听见通报,邵樱歪过脖子,见邵蕙几步冲了过来,捧着她的大腿就开始哭。
“别!”邵樱有气无力地阻拦道:“才用夹板夹好……”
邵蕙红着眼睛打断她,狠狠地道:“我这就去跟萧沐云拼了!当初给你出主意跟世子私会的是我,让他有气冲我来!”
“嘘——”
邵樱赶紧捂住她的嘴,用手指了指门外,用只有两个人能听到的声音说:“我的姐姐呀,你可别给我找麻烦了。”
邵蕙是丽妃所出,两姐妹在几位公主中关系最好。邵蕙见状只好控制住自己,她抬头四处环顾了一下,问道:“春喜呢?听说你受伤之后也进将军府了?”
邵樱道:“去跟着大夫抓药煎去了。”春喜是她生母如妃生前的贴身侍女,也是她从小的贴身侍女,这么多年她在宫外一直是由春喜负责照料。
邵蕙松了一口气,说道:“如此还好,我还以为他们连春喜也要给你换了呢!”随后指了指外面,压低声音问:“你真怕他?”
想当年,邵樱可是当着后宫嫔妃和王上的面跟愉贵妃大吵大闹过的人,邵蕙很难想象这世上还有邵樱从心底里真正“惧怕”的人。
邵樱没回答,而是反问:“你为何要跟萧沐云拼命?”
邵蕙脸色变了变,气道:“外面早都传开了,说萧大将军接你入府,从未在你这里留宿,前几天头一次到你房里,就把你弄成这个样子。”
“......”
邵樱愕然,脑子登时有些转不过弯,作为胎穿过来的现代人,她听这话怎么有些像某些话本子里的疯批男主虐女的怪味呢?
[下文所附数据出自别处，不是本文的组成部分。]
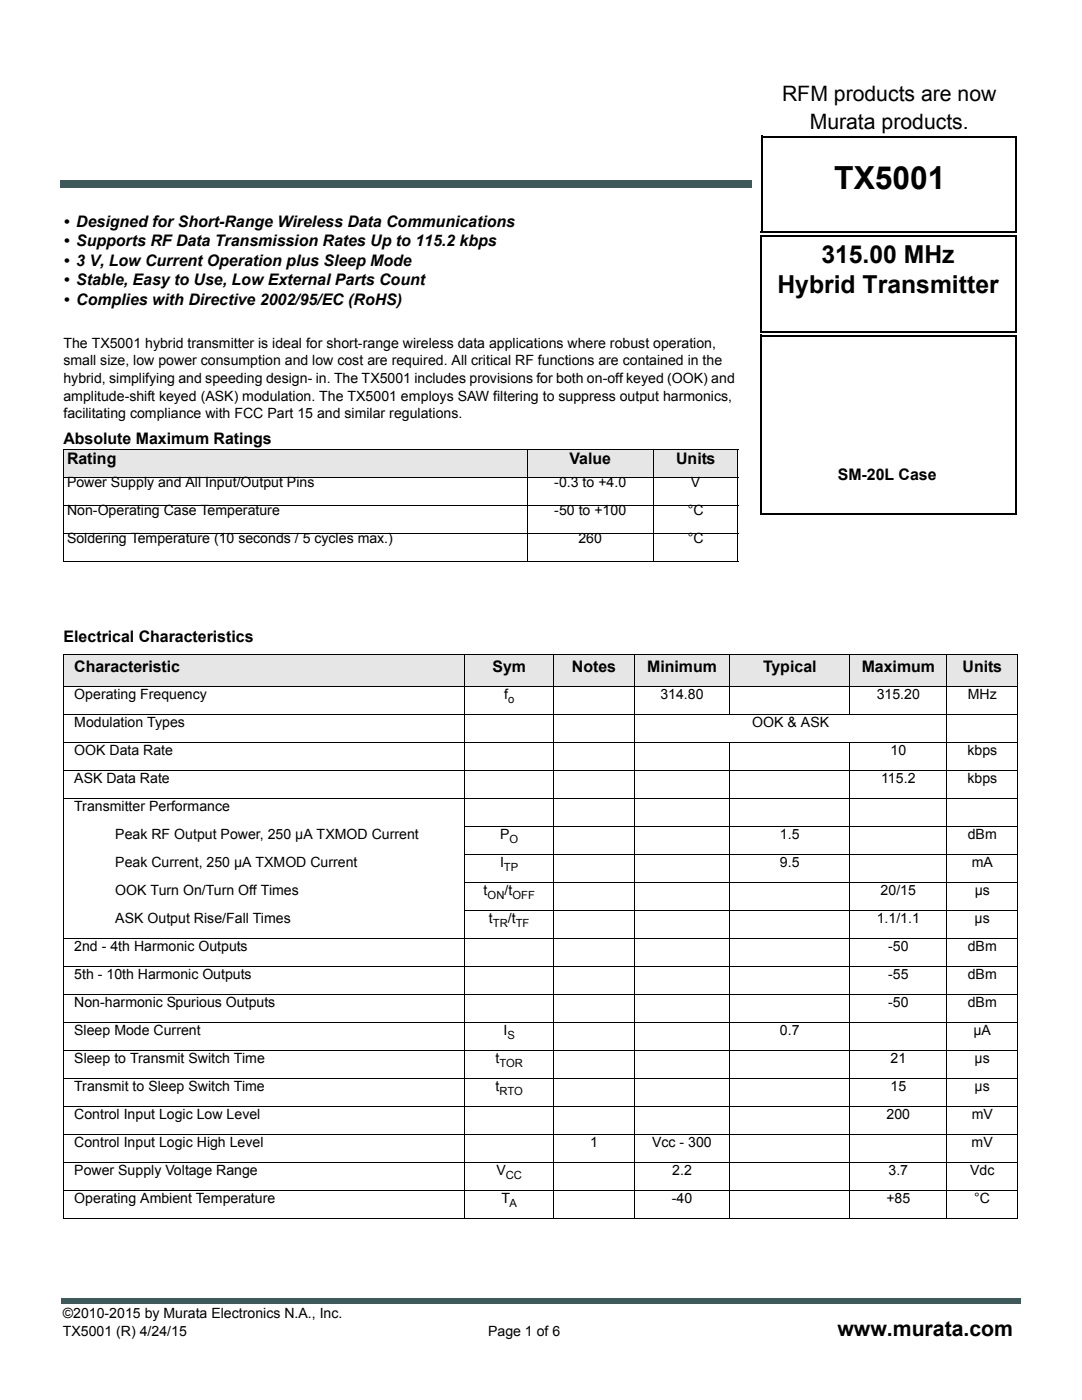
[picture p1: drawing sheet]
<svg xmlns="http://www.w3.org/2000/svg" width="216mm" height="279mm" viewBox="0 0 216 279" stroke-linecap="round" stroke-linejoin="round" font-family="sans-serif">
<defs><g id="words">
<text font-size="6.3" x="166.5" y="37.6">TX5001</text>
<g font-size="4.9">
<text x="163.9" y="52.6">315.00 MHz</text>
<text x="155.1" y="58.5">Hybrid Transmitter</text>
</g>
<g font-size="4.2">
<text x="156" y="20.1">RFM products are now</text>
<text x="161.6" y="25.7">Murata products.</text>
<text x="167.1" y="266.6">www.murata.com</text>
</g>
<g font-size="3.2">
<text x="12.7" y="45.3">• Designed for Short-Range Wireless Data Communications</text>
<text x="12.7" y="49.2">• Supports RF Data Transmission Rates Up to 115.2 kbps</text>
<text x="12.7" y="53">• 3 V, Low Current Operation plus Sleep Mode</text>
<text x="12.7" y="56.9">• Stable, Easy to Use, Low External Parts Count</text>
<text x="12.7" y="60.8">• Complies with Directive 2002/95/EC (RoHS)</text>
<text x="12.7" y="88.7">Absolute Maximum Ratings</text>
<text x="13.4" y="92.7">Rating</text>
<text x="113.7" y="92.7">Value</text>
<text x="134.9" y="92.7">Units</text>
<text x="167.2" y="95.8">SM-20L Case</text>
<text x="12.7" y="128.2">Electrical Characteristics</text>
<text x="14.8" y="134.2">Characteristic</text>
<text x="98.3" y="134.2">Sym</text>
<text x="114.1" y="134.2">Notes</text>
<text x="129.1" y="134.2">Minimum</text>
<text x="152.3" y="134.2">Typical</text>
<text x="171.9" y="134.2">Maximum</text>
<text x="192.1" y="134.2">Units</text>
</g>
<g font-size="2.8">
<text x="12.7" y="69.4">The TX5001 hybrid transmitter is ideal for short-range wireless data applications where robust operation,</text>
<text x="12.7" y="72.9">small size, low power consumption and low cost are required. All critical RF functions are contained in the</text>
<text x="12.7" y="76.4">hybrid, simplifying and speeding design- in. The TX5001 includes provisions for both on-off keyed (OOK) and</text>
<text x="12.7" y="79.9">amplitude-shift keyed (ASK) modulation. The TX5001 employs SAW filtering to suppress output harmonics,</text>
<text x="12.7" y="83.5">facilitating compliance with FCC Part 15 and similar regulations.</text>
<text x="13.4" y="97.2">Power Supply and All Input/Output Pins</text>
<text x="110.6" y="97.2">-0.3 to +4.0</text>
<text x="137.9" y="97.2">V</text>
<text x="13.4" y="102.8">Non-Operating Case Temperature</text>
<text x="110.6" y="102.8">-50 to +100</text>
<text x="137.2" y="102.8">°C</text>
<text x="13.4" y="108.4">Soldering Temperature (10 seconds / 5 cycles max.)</text>
<text x="115.4" y="108.4">260</text>
<text x="137.2" y="108.4">°C</text>
<text x="14.8" y="139.6">Operating Frequency</text>
<text x="100.6" y="139.6">f</text>
<text x="131.8" y="139.6">314.80</text>
<text x="174.9" y="139.6">315.20</text>
<text x="193.1" y="139.6">MHz</text>
<text x="14.8" y="145.2">Modulation Types</text>
<text x="150.1" y="145.2">OOK &amp; ASK</text>
<text x="14.8" y="150.8">OOK Data Rate</text>
<text x="177.7" y="150.8">10</text>
<text x="193" y="150.8">kbps</text>
<text x="14.8" y="156.4">ASK Data Rate</text>
<text x="14.8" y="161.9">Transmitter Performance</text>
<text x="175.8" y="156.4">115.2</text>
<text x="193" y="156.4">kbps</text>
<text x="23" y="167.5">Peak RF Output Power, 250 µA TXMOD Current</text>
<text x="99.8" y="167.5">P</text>
<text x="155.6" y="167.5">1.5</text>
<text x="193.1" y="167.5">dBm</text>
<text x="23" y="173.1">Peak Current, 250 µA TXMOD Current</text>
<text x="99.8" y="173.1">I</text>
<text x="155.6" y="173.1">9.5</text>
<text x="193.9" y="173.1">mA</text>
<text x="23" y="178.7">OOK Turn On/Turn Off Times</text>
<text x="96.5" y="178.7">t</text>
<text x="100.7" y="178.7">/t</text>
<text x="175.7" y="178.7">20/15</text>
<text x="194.5" y="178.7">µs</text>
<text x="23" y="184.3">ASK Output Rise/Fall Times</text>
<text x="97.6" y="184.3">t</text>
<text x="101.3" y="184.3">/t</text>
<text x="174.9" y="184.3">1.1/1.1</text>
<text x="194.5" y="184.3">µs</text>
<text x="14.8" y="189.9">2nd - 4th Harmonic Outputs</text>
<text x="177.2" y="189.9">-50</text>
<text x="193.1" y="189.9">dBm</text>
<text x="14.8" y="195.5">5th - 10th Harmonic Outputs</text>
<text x="177.2" y="195.5">-55</text>
<text x="193.1" y="195.5">dBm</text>
<text x="14.8" y="201.1">Non-harmonic Spurious Outputs</text>
<text x="177.2" y="201.1">-50</text>
<text x="193.1" y="201.1">dBm</text>
<text x="14.8" y="206.7">Sleep Mode Current</text>
<text x="100.5" y="206.7">I</text>
<text x="155.6" y="206.7">0.7</text>
<text x="194.2" y="206.7">µA</text>
<text x="14.8" y="212.2">Sleep to Transmit Switch Time</text>
<text x="98.9" y="212.2">t</text>
<text x="177.7" y="212.2">21</text>
<text x="194.5" y="212.2">µs</text>
<text x="14.8" y="217.8">Transmit to Sleep Switch Time</text>
<text x="98.9" y="217.8">t</text>
<text x="177.7" y="217.8">15</text>
<text x="194.5" y="217.8">µs</text>
<text x="14.8" y="223.4">Control Input Logic Low Level</text>
<text x="176.9" y="223.4">200</text>
<text x="193.9" y="223.4">mV</text>
<text x="14.8" y="229">Control Input Logic High Level</text>
<text x="117.7" y="229">1</text>
<text x="130.1" y="229">Vcc - 300</text>
<text x="193.9" y="229">mV</text>
<text x="14.8" y="234.6">Power Supply Voltage Range</text>
<text x="99" y="234.6">V</text>
<text x="134.1" y="234.6">2.2</text>
<text x="177.3" y="234.6">3.7</text>
<text x="193.6" y="234.6">Vdc</text>
<text x="14.8" y="240.2">Operating Ambient Temperature</text>
<text x="100.1" y="240.2">T</text>
<text x="134" y="240.2">-40</text>
<text x="176.9" y="240.2">+85</text>
<text x="194.4" y="240.2">°C</text>
<text x="12.5" y="263.1">©2010-2015 by Murata Electronics N.A., Inc.</text>
<text x="12.5" y="266.6">TX5001 (R) 4/24/15</text>
<text x="97.4" y="266.6">Page 1 of 6</text>
</g>
<g font-size="2.2">
<text x="101.4" y="140.3">o</text>
<text x="100.6" y="173.8">TP</text>
<text x="101.7" y="168.2">O</text>
<text x="97.3" y="179.4">ON</text>
<text x="102.2" y="179.4">OFF</text>
<text x="98.3" y="185">TR</text>
<text x="102.9" y="185">TF</text>
<text x="101.3" y="207.3">S</text>
<text x="99.7" y="212.9">TOR</text>
<text x="99.7" y="218.5">RTO</text>
<text x="100.9" y="235.3">CC</text>
<text x="101.6" y="240.9">A</text>
</g>
</g></defs>
<g fill="#3d5959">
<path d="M12.2 259.2h.5v1.1h-.5z"/>
<path d="M12.7 259.2h191v1.1h-191z"/>
</g>
<path d="M152 27.3h50.9M152 27.1v19.2M202.7 27.2v19.3M151.8 46.3h50.9M151.9 47.2h50.9M151.9 47v19.2M202.7 47.2v19.2M151.7 66.2h50.9M151.9 67h51M151.9 66.8v35.8M202.7 67v35.8M151.7 102.6h51" fill="none" stroke="#000" stroke-width=".36"/>
<path d="M12.1 13h39.9v14h-39.9z" fill="#fff"/>
<g fill="#3d5959">
<path d="M12 36.1h.7v1.4h-.7z"/>
<path d="M12.7 36.1h137.2v1.4h-137.2z"/>
</g>
<g fill="#e6e6e6">
<path d="M12.7 89.7h92.5v5.6h-92.5z"/>
<path d="M105.2 89.7h25.2v5.6h-25.2z"/>
<path d="M130.4 89.7h16.8v5.6h-16.8z"/>
</g>
<path d="M12.6 89.7h134.7M12.6 95.3h134.7M12.7 89.8v22.2M105.2 89.6v22.6M130.4 89.6v22.6M147.2 89.8v22.2M12.6 100.9h134.7M12.6 106.5h134.7M12.6 112.1h134.7" fill="none" stroke="#000" stroke-width=".2"/>
<g fill="#e6e6e6">
<path d="M12.7 130.7h80.1v6.3h-80.1z"/>
<path d="M92.8 130.7h17.7v6.3h-17.7z"/>
<path d="M110.5 130.7h16.1v6.3h-16.1z"/>
<path d="M126.6 130.7h19v6.3h-19z"/>
<path d="M145.6 130.7h24v6.3h-24z"/>
<path d="M169.6 130.7h19.4v6.3h-19.4z"/>
<path d="M189 130.7h14.1v6.3h-14.1z"/>
</g>
<g fill="none" stroke="#000" stroke-width=".2">
<path d="M12.6 130.7h190.5M12.6 137h190.5M12.7 130.7v112.4M92.8 130.6v112.7M110.5 130.6v112.7M126.6 130.6v112.7M145.6 130.6v12.1M169.6 130.6v12.1M189 130.6v112.7M203.1 130.7v112.4M12.6 142.6h190.5M12.6 148.2h190.5"/>
<path d="M12.6 153.8h190.5M12.6 159.4h190.5M145.6 148.1v95.2M169.6 148.1v95.2M92.7 165h110.4M92.7 170.5h110.4M92.7 176.1h110.4M12.6 187.3h190.5M12.6 192.9h190.5M12.6 198.5h190.5M92.7 181.7h110.4M12.6 204.1h190.5"/>
<path d="M12.6 209.7h190.5M12.6 215.2h190.5M12.6 220.8h190.5M12.6 226.4h190.5M12.6 232h190.5M12.6 237.6h190.5M12.6 243.2h190.5"/>
</g>
<path d="M155.9 67.7h40.3v24.7h-40.3z" fill="#fff"/>
<use href="#words"/>
</svg>

但回想了一下前几天的事儿。好像邵蕙说的......也没什么不对。
“他到底对你做了什么?我就是豁上这条命,也要为你讨个公道。”
邵蕙又摆出一付要拼命的样子。
邵樱不知该从哪里开始解释,又怕说出的话被人听了去,恐怕到现在为止,萧沐云在邵蕙眼里还一如当初那个西北的苦寒小将军呢。
她只得死命拉住邵蕙,胡乱劝道:“好姐姐,你先听我说,萧沐云可没你想象中那么好对付!”
“主子,恐怕樱公主比我们想象的......”
将军府南院书房里,林甫欲言又止。
“她比你们想象得更不好对付,是吗?”
一道低沉的嗓音从林甫对面传来,萧沐云放下手中的药方,抬眸看向他。
这句话让林甫瞬间有种找到了主心骨的踏实感,敢情主子都是知道他的苦衷的!
林甫一提起邵樱公主林甫就头疼,身为将军府护卫长,又是从小跟随萧大将军的亲信,他从未见过如此“模样”的公主,做出的事情让人惊掉下巴。
“……正门走动的仆役较多,公主那天晚上应该是从淡竹阁绕到后院,在院墙上用了绳索勾结等,估计是快爬到墙头的时候触动了高墙上的暗器,为躲避暗器摔下高墙,公主的肋骨和腿都是那个时候摔伤的……”
萧沐云眸色一闪,没说话,脸上也看不出什么表情。
林甫继续道:“那之后,公主竟然带着重伤爬回房间,还把痕迹都清理掉了,当时有仆从听见声响过来查看却什么都没发现,还是隔天更衣的嬷嬷发现公主的腿肿得老大。”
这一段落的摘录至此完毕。